Recently there has been much interest in the techniques developed to infer causation from data, especially with the proliferation of statistical learning techniques in the fields of deep learning, for example. Graphical techniques employing DAGs have been especially popular in recent years, often locking horns with those in favour of the Neyman–Rubin causal model [5] and potential outcomes framework (e.g. [6]). Regardless, anyone familiar with the works of Judea Pearl, such as his popular science book The Book of Why [7], is likely a passionate believer in the causal revolution.

With the rise in popularity of unsupervised methods in both machine learning and reinforcement learning paradigms, there is little doubt that inferring causal structure will play a crucial role in getting artificial agents to make informed decisions, especially in an uncertain world. Reinforcement learning agents are concerned with maximising cumulative reward over a long time horizon by following a sequence of optimal actions. Ensuring such an agent maintains a causal model for the world it operates in will undoubtedly make for interpretable models in a field otherwise filled with ’black-boxes’.

One should be careful not to confuse world models in model-based RL with a causal model. A causal model explicitly models the nature of the relationships of the underlying data generating process, whereas a RL world model attempts to simulate the predictive outputs due to an agent intervention. Causal and graphical models also extend the applicability of current decision making methods, most of which are only applicable under a narrow set of assumptions. Consider that reinforcement learning under an MDP formulation explicitly requires Markov processes. As we will discuss, this fails to account for some fundamental decision processes in the real world - including dynamic treatment regimes in the field of personalised medicine.

One can easily imagine how a generally intelligent agent would require long-term, non-Markov planning ability. Before continuing to develop the notions of causality, it should be made clear that we are working within the ladder of causation proposed by Judea Pearl [8]. In this framework there are three rungs on the causal hierarchy, each adding additional information not available to models belonging to a lower rung. These are (1) observational information, (2) interventional information, and (3) counterfactual information, with each building upon and subsuming the last.

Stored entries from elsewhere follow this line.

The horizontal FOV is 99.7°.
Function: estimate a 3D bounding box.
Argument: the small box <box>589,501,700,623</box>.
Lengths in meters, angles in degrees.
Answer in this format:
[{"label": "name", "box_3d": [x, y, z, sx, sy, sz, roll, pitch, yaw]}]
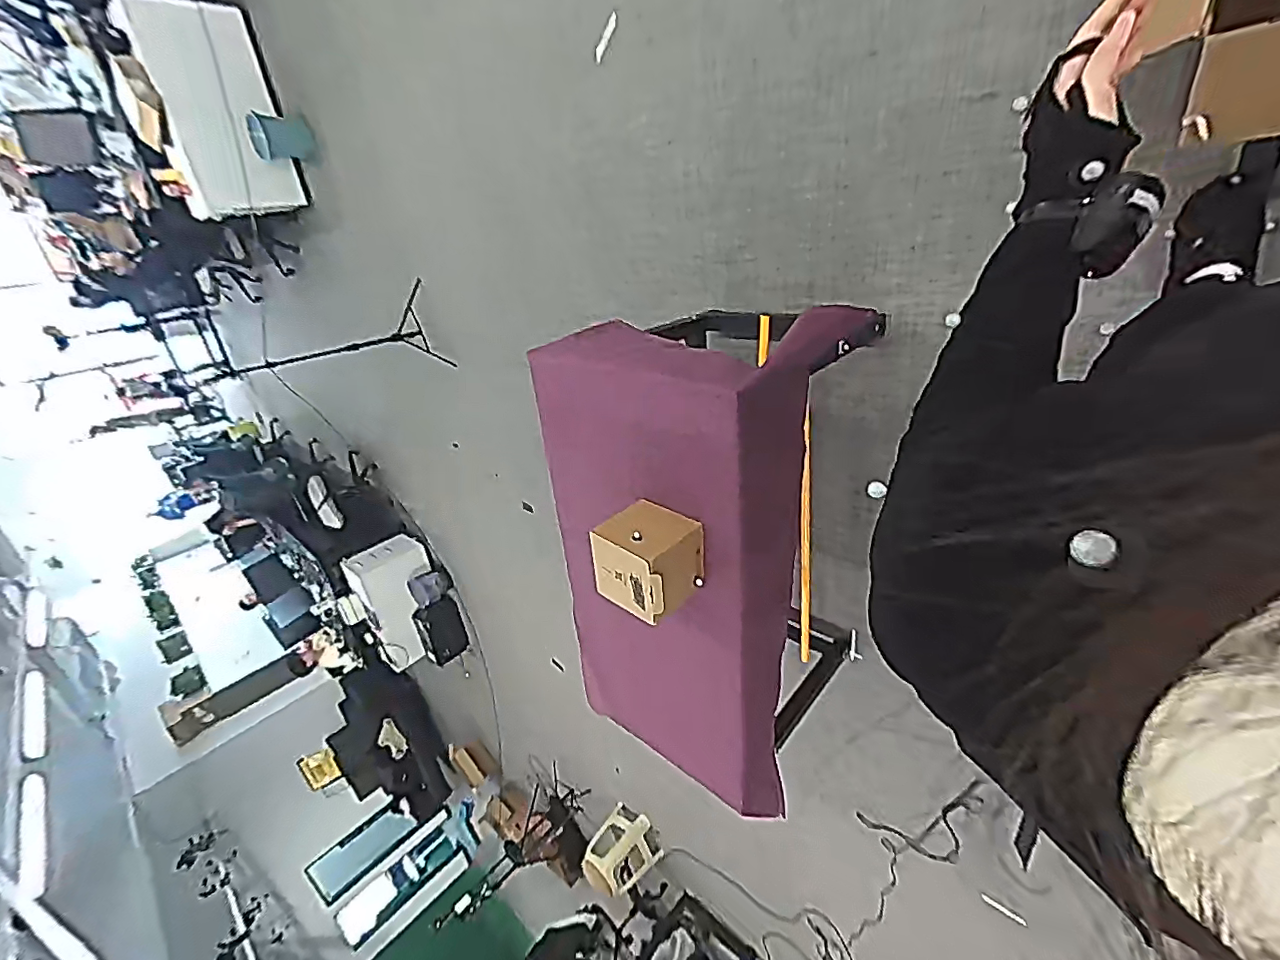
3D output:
[{"label": "small box", "box_3d": [0.016, 0.166, 1.162, 0.179, 0.176, 0.168, 22, 127, 39]}]

Reinforcement learning naturally falls on the interventional rung since agents learn about optimal actions by observing outcomes due to their interventions in the system. They cannot, however, use interventional data to answer counterfactual - “what if?” - style questions without additional information. This is critical to acknowledge for much of the theory that follows.

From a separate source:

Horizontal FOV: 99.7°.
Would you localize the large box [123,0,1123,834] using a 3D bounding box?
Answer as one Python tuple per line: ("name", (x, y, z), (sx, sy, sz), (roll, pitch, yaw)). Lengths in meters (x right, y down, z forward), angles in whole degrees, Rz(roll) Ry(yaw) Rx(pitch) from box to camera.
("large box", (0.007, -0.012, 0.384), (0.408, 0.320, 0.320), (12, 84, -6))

The astute reader will point out that counterfactual quantities are inherently non-scientific because they cannot be proved to be true - what has happened, has happened. We do not claim otherwise. Rather, counterfactual quantities are useful for decision making - as is clear with any thought about how we reason in our daily lives. These blog posts will introduce the mathematical notion of causality from the perspective of statistics, and place it in the context of machine learning and artificial intelligence. Specifically, focus will be placed on developing and discussing the theory of causal reinforcement learning (CRL) so that an interested reader is prepared for dealing with state-of-the-art research and results. The six tasks introduced by Bareinboim [9] will be discussed through the surveying of relevant and recent literature. Finally the state of causal reinforcement will be discussed in the context of the current machine learning landscape and the quest for artificial general intelligence (AGI).

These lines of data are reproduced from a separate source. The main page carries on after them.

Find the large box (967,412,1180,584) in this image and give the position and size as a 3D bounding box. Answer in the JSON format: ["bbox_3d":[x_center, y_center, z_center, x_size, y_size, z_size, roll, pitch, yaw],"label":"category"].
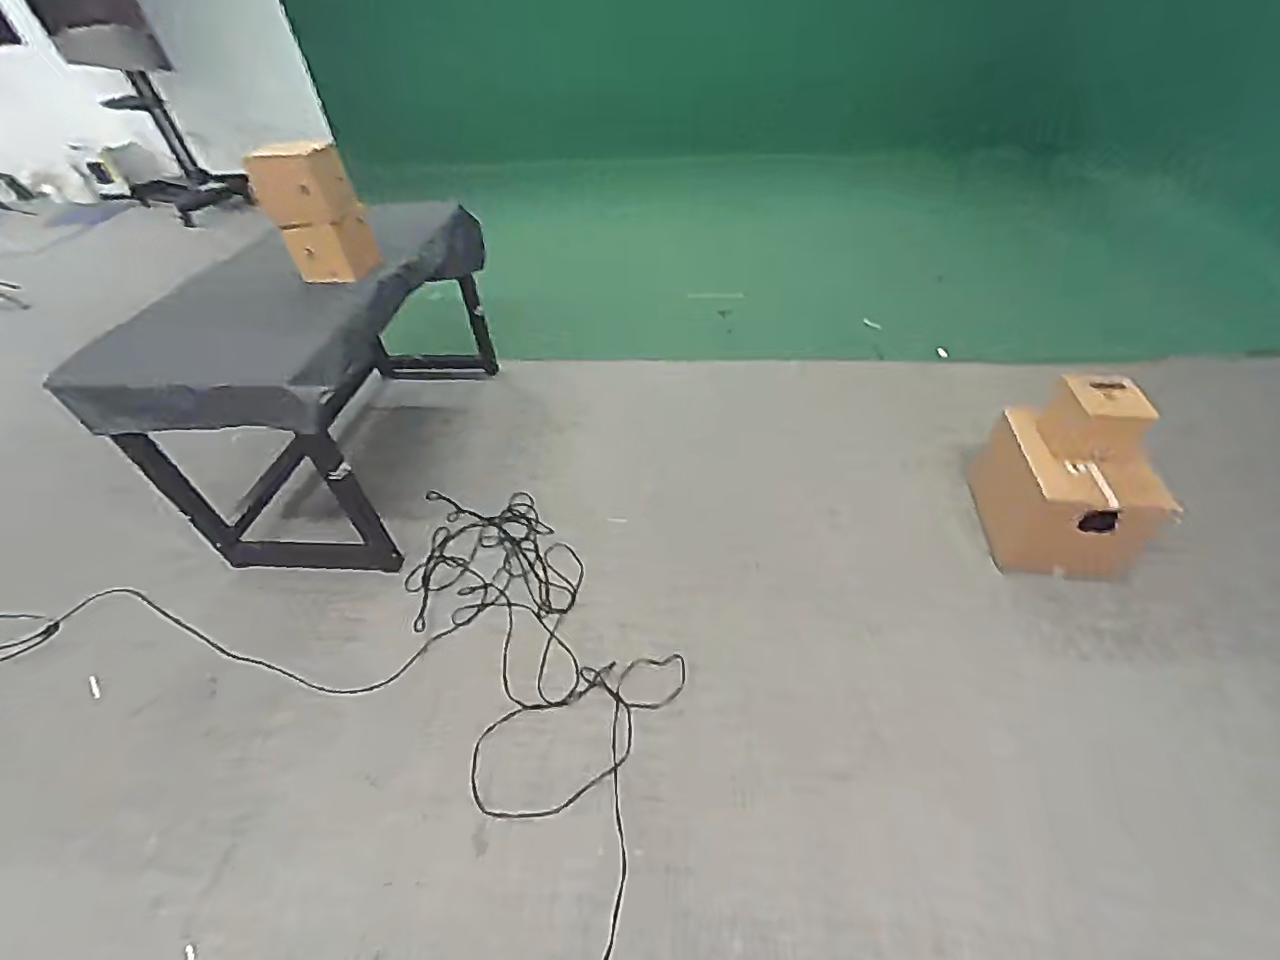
[{"bbox_3d":[1.246,0.047,1.618,0.320,0.320,0.408,4,46,10],"label":"large box"}]

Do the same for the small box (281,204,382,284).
[{"bbox_3d":[-0.894,-0.691,1.590,0.168,0.176,0.179,3,44,8],"label":"small box"}]

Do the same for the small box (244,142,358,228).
[{"bbox_3d":[-0.907,-0.801,1.471,0.179,0.176,0.168,-2,42,4],"label":"small box"}]

Ultimately, it comes down to this: RL is concerned with maximisation of cumulative reward over long time horizons while causal inference provides a set of tools and techniques to combine structural information about the data generating process, and data itself, to reason and infer up to a counterfactual nature - what would have happened had something been different? By adding causal structural information to sample efficient RL techniques we can boost learning performance in many domains. This combination of theory from different fields has led to successes in various domains.